When it comes to the relationship between employers and employees, there are three main theories that take precedence today. These theories of industrial relations were all formed in the past century and have not changed much in the past 50 years. Two of these theories describe the relationships in terms of conflict, while the third emphasizes cooperation.


The three main theories of industrial relations are the unitary, pluralist and Marxist perspectives.

Marxist Perspective of Industrial Relations

The Marxist view of industrial relations is of a clash between the employer (capitalist) and the worker. The employer tries to maximize profit by paying workers as little as he can while striving for a monopoly in his industry to control prices. Workers, on the other hand, believe that they are the most vital part of production and strive to get their fair share of profits through the formation of trade unions.

From a Marxist perspective, the inevitable result of this clash is a worker revolution, where workers take control of companies, eliminating the capitalist altogether. Although Marxism has fallen out of favor since the collapse of the Soviet Union, it was highly popular in the first half of the 20th century, when workers were paid subsistence-level wages. While there are no signs of Marxist revolution happening soon, the U.S. minimum wage has remained at a mere $7.25 (or $15,000 annually) for over 10 years.

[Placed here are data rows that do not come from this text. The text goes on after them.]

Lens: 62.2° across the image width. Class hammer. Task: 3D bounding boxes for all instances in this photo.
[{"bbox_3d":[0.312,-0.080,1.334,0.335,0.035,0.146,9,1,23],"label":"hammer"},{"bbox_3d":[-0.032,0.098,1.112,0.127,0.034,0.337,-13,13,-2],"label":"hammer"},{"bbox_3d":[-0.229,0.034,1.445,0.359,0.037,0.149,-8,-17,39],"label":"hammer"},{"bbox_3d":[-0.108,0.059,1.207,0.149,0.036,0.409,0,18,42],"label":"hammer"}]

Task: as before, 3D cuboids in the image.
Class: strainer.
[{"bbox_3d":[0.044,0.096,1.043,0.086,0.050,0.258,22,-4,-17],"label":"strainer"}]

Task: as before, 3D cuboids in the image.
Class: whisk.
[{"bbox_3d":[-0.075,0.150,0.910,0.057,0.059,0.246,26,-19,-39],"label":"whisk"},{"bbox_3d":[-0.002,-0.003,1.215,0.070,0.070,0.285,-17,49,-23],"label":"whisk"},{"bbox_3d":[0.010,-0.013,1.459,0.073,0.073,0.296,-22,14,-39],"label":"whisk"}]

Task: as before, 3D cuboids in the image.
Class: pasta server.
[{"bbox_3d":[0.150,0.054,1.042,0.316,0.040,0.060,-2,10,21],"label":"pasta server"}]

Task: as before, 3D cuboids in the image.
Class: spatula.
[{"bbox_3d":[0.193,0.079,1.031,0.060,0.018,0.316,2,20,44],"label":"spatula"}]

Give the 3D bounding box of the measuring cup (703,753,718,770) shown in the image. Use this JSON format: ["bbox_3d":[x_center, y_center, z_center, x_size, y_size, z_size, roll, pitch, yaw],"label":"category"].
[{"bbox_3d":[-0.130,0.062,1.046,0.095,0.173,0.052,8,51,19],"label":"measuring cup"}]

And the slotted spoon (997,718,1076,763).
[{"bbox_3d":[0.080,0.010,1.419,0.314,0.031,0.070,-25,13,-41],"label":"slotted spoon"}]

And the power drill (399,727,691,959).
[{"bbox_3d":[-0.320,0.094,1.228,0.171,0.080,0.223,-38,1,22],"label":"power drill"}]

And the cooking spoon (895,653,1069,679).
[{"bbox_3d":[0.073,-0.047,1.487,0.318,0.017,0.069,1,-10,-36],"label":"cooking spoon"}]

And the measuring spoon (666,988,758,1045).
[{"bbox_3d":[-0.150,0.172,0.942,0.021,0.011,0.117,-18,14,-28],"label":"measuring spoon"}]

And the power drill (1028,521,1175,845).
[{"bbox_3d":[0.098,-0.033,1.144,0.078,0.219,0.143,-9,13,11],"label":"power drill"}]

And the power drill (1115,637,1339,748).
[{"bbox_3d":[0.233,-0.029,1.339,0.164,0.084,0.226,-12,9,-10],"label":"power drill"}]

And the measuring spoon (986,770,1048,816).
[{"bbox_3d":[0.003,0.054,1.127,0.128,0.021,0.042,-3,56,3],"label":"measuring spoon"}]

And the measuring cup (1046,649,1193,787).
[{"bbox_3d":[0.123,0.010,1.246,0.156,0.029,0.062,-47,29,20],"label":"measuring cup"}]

The Pluralist Theory of Industrial Relations

In pluralist theory, the relationship between employers and workers is also one of conflict but not to the extent Marxism portrays it. Through trade unions, workers argue for higher wages, increased benefits and better working conditions, while employers want to keep as much money as they can for profit. Rather than violence, however, the two sides negotiate to reach a middle ground, or equilibrium.

An important part of this model is that workers recognize that it's in their best interest for the company to thrive, so while they are loyal to the union, they are also loyal to the employer. Employers, meanwhile, understand that fair wages and good working conditions make employees more productive. This delicate balancing act between interests became prominent in the 1930s during Roosevelt's New Deal government and is still a popular model at many companies today.

Unitary Theory of Industrial Relations

The unitary perspective on employee relations is one of cooperation. Employers and workers are seen as being on the same team or even the same family. They have the same interests and share the same values and goals. In this model, conflict is seen as distasteful or even evil, and both sides strive for consensus.

Those who subscribe to this theory (employers and employees alike) despise trade unions. Unions are portrayed as an outside force that competes for the employer's loyalty and pits employees against management. Many small businesses operate with this theory as well as any company where workers reject the idea of unionizing. Governments that favor this theory will place restrictions on unions or even make them illegal.

Industrial Relations in Practice

Industrial relations is the study of one portion of a society. It is an abstraction that can't take into account all of the factors that affect human behavior or the complexities of society as a whole. Consequently, theories on industrial relations can only highlight some important aspects of employer-worker relationships and do not provide a full picture of those relationships.

However, understanding these theories and the aspects of the relationships on which they focus can give employers and workers important insights about their own workplaces. If a business owner approaches workers in a spirit of cooperation, she will likely find that the employees she chooses to hire will respond in a similar way. On the other hand, if the business owner views workers as people whose wages reduce profits, it shouldn't be surprising if workers respond with conflict or animosity.